Self-Criticism and Shared Pain

Jeff Shane shares our pain. Who is he and what is the cause of our shared transportation weltschmertz?

Shane is the Undersecretary for Policy at the Department of Transportation and appeared to be thinking out loud at a recent speech to National Industrial Transportation League members.

Shane was right there with us when we spent much of 2005 lamenting the delay in passing the SAFETEA-LU transportation funding bill. Although Congress did specify more than 5,000 transport projects, he was none too happy about the bill’s lack of discretionary funds that would allow the DOT to adapt to our evolving transportation demands.


“It is not an understatement to suggest that we are in the midst of a freight revolution,” Shane said in his speech. “Freight sector challenges call for federal leadership.”

We agree. It was 50 years ago this month since the United States had any show of national transportation leadership—during the Eisenhower administration when the Interstate Highway System was built.

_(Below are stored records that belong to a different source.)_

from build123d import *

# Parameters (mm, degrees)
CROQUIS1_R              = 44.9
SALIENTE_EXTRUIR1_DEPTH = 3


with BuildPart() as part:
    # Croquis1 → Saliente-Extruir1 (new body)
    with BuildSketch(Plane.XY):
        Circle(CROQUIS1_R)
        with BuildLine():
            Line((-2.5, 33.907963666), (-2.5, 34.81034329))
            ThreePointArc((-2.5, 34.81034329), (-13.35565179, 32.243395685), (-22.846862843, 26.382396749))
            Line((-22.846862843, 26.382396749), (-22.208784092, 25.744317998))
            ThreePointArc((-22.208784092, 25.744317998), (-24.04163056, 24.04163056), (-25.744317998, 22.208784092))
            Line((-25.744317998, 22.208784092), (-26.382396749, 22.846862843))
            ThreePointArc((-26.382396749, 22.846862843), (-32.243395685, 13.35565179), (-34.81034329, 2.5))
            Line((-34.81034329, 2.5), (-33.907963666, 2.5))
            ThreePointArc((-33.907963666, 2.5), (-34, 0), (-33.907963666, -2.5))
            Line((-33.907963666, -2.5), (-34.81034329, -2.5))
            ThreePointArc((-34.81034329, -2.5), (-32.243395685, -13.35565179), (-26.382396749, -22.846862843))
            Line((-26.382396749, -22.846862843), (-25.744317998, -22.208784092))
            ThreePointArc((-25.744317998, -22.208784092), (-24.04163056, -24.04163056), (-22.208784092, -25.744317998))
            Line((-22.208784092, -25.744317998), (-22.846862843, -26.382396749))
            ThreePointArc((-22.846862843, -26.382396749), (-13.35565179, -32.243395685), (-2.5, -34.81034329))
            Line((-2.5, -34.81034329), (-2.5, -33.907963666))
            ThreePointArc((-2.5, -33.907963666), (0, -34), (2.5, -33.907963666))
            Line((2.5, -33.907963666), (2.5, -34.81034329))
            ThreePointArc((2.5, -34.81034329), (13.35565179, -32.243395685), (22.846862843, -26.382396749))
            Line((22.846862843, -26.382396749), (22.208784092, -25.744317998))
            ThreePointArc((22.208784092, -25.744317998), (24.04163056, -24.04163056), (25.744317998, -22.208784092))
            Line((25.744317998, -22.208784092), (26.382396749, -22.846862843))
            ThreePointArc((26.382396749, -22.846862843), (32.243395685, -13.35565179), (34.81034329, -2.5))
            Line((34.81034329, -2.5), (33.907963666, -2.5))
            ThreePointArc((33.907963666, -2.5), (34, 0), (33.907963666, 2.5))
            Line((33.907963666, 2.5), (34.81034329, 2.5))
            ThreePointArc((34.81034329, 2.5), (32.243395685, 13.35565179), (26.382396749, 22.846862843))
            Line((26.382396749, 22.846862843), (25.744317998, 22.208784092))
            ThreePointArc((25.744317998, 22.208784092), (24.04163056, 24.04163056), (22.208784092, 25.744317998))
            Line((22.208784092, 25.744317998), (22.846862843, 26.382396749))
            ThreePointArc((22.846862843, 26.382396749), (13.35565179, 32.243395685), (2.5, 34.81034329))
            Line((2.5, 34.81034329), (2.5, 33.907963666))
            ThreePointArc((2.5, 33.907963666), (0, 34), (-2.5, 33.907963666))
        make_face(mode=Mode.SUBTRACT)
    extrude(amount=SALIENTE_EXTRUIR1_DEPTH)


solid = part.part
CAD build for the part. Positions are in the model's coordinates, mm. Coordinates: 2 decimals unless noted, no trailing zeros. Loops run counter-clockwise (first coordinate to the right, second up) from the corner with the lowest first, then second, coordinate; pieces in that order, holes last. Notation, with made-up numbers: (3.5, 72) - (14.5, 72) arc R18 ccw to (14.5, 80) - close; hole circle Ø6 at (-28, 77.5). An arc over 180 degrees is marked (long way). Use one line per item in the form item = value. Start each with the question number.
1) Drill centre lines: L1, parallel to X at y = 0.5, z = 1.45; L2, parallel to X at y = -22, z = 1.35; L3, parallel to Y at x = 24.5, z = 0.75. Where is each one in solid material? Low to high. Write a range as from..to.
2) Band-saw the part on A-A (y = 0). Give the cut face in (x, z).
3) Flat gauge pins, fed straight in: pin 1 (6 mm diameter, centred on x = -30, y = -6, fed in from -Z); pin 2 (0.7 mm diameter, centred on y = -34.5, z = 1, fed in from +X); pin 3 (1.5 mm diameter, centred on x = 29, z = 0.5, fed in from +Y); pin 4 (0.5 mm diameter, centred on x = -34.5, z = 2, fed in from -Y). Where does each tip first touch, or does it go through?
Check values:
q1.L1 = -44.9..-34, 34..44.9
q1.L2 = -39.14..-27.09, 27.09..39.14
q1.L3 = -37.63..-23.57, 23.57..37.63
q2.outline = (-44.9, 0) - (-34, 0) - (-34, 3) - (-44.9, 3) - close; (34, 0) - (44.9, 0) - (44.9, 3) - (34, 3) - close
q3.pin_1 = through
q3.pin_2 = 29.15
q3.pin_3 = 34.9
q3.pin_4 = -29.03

During World War I, Ike had to drive across the continental United States in an Army truck. Later, during World War II, he compared driving the German Autobahn to that experience—it galvanized his resolve to drive the Federal Highway Act through a hostile Congress when he later became president. The highway system has added trillions to our GDP over the intervening decades.

An estimated 75 percent of freight capacity issues are controlled by state DOTs and the private sector, according to Shane. This public/private partnership can partially remedy the federal leadership vacuum.

For example, the rail sector and port authorities are making record investments. That’s good, but it does not replace a national sense of transportation purpose. Leadership has to come from the top, and it just has not for the last half century.

Shane thinks we are partially to blame for that vacuum: “The DOT and the industry have failed to communicate the urgency of freight needs to Congress or the general public,” he said. Add to that the executive branch.

If this is a case of blaming the victim, let’s roll with it by creating some pain of our own. If you care about this industry and its wider impact on the nation, resolve now to call your congressman, then follow up in writing. And then another call and another letter.

Your profession gives you insight into this issue that the general public does not have. If you don’t resolve to make noise with some grass-roots transportation leadership, we will likely wait the next half century before we realize the economic potential squandered by this lack of long-range vision and transportation leadership.